L = [[a,b,c],[d]] ? ;

L = [[a,b,d],[c]] ? ;

L = [[a,b],[c,d]] ? ;

L = [[a,c,d],[b]] ? ;

L = [[a,c],[b,d]] ? ;

L = [[a,d],[b,c]] ? ;

L = [[a],[b,c,d]] ? ;

no
| ?-

We optimize performance in this case by constraining the length first.
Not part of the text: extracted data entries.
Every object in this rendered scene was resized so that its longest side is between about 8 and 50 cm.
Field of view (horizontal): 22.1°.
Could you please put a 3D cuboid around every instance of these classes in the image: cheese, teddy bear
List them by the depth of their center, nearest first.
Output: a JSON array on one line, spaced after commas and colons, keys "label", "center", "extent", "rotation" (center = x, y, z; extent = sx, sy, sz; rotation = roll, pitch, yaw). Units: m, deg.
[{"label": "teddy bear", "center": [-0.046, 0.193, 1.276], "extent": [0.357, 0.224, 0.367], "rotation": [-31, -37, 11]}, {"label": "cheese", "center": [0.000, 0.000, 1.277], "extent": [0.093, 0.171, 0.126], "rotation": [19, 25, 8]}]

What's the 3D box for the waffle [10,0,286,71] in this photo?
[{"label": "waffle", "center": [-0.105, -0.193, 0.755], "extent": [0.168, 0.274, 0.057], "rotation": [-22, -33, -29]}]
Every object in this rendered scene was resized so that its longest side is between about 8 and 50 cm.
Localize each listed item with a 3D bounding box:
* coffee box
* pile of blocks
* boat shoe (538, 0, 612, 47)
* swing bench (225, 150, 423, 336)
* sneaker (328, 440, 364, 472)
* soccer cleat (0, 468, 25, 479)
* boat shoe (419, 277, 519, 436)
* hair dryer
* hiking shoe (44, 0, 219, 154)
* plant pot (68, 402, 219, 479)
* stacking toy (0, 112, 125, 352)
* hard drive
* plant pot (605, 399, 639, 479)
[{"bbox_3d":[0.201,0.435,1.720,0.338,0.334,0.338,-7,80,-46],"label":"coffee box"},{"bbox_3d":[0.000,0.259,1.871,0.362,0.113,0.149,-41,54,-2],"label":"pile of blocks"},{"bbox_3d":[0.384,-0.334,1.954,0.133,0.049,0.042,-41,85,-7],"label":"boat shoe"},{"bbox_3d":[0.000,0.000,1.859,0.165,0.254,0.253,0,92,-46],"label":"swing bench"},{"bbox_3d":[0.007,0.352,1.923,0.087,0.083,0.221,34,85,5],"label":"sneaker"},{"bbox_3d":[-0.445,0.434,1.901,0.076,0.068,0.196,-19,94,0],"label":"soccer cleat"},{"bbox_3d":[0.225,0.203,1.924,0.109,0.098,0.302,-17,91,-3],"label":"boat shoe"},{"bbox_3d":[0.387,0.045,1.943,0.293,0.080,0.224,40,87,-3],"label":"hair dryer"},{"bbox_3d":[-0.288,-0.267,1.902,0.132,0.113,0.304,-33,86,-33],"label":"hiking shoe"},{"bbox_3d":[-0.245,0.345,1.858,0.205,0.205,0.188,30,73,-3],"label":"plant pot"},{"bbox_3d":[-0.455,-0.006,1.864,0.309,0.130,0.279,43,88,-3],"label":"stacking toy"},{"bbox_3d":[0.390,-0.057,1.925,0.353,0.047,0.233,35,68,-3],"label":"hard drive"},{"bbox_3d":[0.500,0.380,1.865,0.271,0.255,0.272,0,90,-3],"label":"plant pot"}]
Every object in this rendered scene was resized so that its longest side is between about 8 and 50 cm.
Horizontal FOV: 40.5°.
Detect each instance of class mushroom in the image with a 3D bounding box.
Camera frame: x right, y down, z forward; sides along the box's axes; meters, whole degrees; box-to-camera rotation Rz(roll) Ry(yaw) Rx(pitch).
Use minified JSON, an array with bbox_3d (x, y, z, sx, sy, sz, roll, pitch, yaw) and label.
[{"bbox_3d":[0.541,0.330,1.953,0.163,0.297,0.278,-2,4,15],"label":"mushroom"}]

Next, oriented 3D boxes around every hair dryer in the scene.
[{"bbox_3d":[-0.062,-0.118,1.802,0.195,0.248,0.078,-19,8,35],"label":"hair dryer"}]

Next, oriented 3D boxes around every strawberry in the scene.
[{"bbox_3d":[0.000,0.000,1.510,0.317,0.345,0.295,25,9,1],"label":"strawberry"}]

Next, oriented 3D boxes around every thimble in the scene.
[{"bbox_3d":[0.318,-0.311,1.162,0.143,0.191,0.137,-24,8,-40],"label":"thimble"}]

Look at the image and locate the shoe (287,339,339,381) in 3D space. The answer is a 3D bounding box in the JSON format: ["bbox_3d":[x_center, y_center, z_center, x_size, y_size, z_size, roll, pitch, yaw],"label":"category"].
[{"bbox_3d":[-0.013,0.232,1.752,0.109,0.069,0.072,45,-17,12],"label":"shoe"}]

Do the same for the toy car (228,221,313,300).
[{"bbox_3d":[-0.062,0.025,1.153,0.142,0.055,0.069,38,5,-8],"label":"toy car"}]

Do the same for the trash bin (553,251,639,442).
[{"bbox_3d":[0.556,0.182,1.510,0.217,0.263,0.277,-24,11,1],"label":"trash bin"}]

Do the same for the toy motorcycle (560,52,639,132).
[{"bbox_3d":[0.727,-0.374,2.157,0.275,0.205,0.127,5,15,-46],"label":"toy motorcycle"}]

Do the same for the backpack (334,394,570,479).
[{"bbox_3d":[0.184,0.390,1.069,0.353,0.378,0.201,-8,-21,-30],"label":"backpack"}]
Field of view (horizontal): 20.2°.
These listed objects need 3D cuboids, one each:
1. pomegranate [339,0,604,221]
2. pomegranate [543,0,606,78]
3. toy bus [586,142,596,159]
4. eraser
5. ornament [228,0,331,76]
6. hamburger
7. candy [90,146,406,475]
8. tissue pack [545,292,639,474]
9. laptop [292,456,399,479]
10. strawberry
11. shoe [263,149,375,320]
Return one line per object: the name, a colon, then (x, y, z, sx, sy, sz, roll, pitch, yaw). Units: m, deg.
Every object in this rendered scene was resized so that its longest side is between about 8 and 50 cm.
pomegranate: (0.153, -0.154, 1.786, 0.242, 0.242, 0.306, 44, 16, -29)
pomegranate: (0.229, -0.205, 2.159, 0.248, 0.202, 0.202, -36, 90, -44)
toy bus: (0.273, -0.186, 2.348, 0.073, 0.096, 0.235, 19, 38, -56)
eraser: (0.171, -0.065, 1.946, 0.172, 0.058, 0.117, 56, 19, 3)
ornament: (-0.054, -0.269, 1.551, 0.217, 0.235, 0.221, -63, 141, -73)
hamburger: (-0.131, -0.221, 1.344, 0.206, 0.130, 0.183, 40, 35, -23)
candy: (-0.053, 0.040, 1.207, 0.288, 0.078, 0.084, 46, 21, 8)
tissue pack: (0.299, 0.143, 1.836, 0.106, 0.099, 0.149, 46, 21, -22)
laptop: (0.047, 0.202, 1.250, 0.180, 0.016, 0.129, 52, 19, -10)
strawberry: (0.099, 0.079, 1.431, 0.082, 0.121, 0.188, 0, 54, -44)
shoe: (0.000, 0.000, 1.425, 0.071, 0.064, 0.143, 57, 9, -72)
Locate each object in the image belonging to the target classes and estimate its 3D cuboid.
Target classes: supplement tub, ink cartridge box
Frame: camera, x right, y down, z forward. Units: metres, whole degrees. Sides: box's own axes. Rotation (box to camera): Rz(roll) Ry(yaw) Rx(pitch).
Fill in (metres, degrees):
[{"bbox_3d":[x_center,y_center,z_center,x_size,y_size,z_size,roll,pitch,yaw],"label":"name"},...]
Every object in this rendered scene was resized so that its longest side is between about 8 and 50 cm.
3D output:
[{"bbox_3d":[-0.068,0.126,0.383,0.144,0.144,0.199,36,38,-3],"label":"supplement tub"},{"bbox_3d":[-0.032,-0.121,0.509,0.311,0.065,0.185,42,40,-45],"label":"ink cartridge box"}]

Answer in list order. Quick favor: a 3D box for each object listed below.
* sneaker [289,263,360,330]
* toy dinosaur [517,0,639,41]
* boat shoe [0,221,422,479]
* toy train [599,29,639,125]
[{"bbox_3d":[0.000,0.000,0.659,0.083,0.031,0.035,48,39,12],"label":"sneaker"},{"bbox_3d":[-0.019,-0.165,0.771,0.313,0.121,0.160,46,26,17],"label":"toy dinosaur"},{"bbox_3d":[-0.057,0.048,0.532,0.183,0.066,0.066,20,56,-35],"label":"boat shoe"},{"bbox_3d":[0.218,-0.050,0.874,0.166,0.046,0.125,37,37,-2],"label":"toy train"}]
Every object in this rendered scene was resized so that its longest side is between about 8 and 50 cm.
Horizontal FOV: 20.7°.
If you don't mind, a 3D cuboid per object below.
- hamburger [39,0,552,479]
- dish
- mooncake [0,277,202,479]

Below illustrates, in SWI Prolog, the difference between constraining the length after versus before:

:- use_module(library(statistics)).

6 ?- time((list_partitioned([a,b,c,d], P), length(P, 2))).
% 18 inferences, 0.000 CPU in 0.000 seconds (85% CPU, 1580195 Lips)
P = [[a, b, c], [d]] ;
% 12 inferences, 0.000 CPU in 0.000 seconds (88% CPU, 1059696 Lips)
P = [[a, b, d], [c]] ;
% 10 inferences, 0.000 CPU in 0.000 seconds (86% CPU, 900414 Lips)
P = [[a, b], [c, d]] ;
% 19 inferences, 0.000 CPU in 0.000 seconds (88% CPU, 1624070 Lips)
P = [[a, c, d], [b]] ;
% 10 inferences, 0.000 CPU in 0.000 seconds (86% CPU, 1021555 Lips)
P = [[a, c], [b, d]] ;
% 19 inferences, 0.000 CPU in 0.000 seconds (87% CPU, 1665060 Lips)
P = [[a, d], [b, c]] ;
% 19 inferences, 0.000 CPU in 0.000 seconds (87% CPU, 1661420 Lips)
P = [[a], [b, c, d]] ;
% 37 inferences, 0.000 CPU in 0.000 seconds (90% CPU, 2382639 Lips)
false.

7 ?- time((length(P, 2), list_partitioned([a,b,c,d], P))).
% 13 inferences, 0.000 CPU in 0.000 seconds (89% CPU, 1175832 Lips)
P = [[a, b, c], [d]] ;
% 6 inferences, 0.000 CPU in 0.000 seconds (83% CPU, 742023 Lips)
P = [[a, b, d], [c]] ;
% 6 inferences, 0.000 CPU in 0.000 seconds (85% CPU, 848896 Lips)
P = [[a, b], [c, d]] ;
% 9 inferences, 0.000 CPU in 0.000 seconds (84% CPU, 1210328 Lips)
P = [[a, c, d], [b]] ;
% 6 inferences, 0.000 CPU in 0.000 seconds (82% CPU, 828386 Lips)
P = [[a, c], [b, d]] ;
% 9 inferences, 0.000 CPU in 0.000 seconds (84% CPU, 1215723 Lips)
P = [[a, d], [b, c]] ;
% 9 inferences, 0.000 CPU in 0.000 seconds (90% CPU, 697999 Lips)
P = [[a], [b, c, d]] ;
% 10 inferences, 0.000 CPU in 0.000 seconds (86% CPU, 991277 Lips)
false.

If you were to modify the code in the link above to constrain the length of the list, the best way is probably to put the length/2 call inside the predicate before doing anything else, but the behavior is identical then to the above.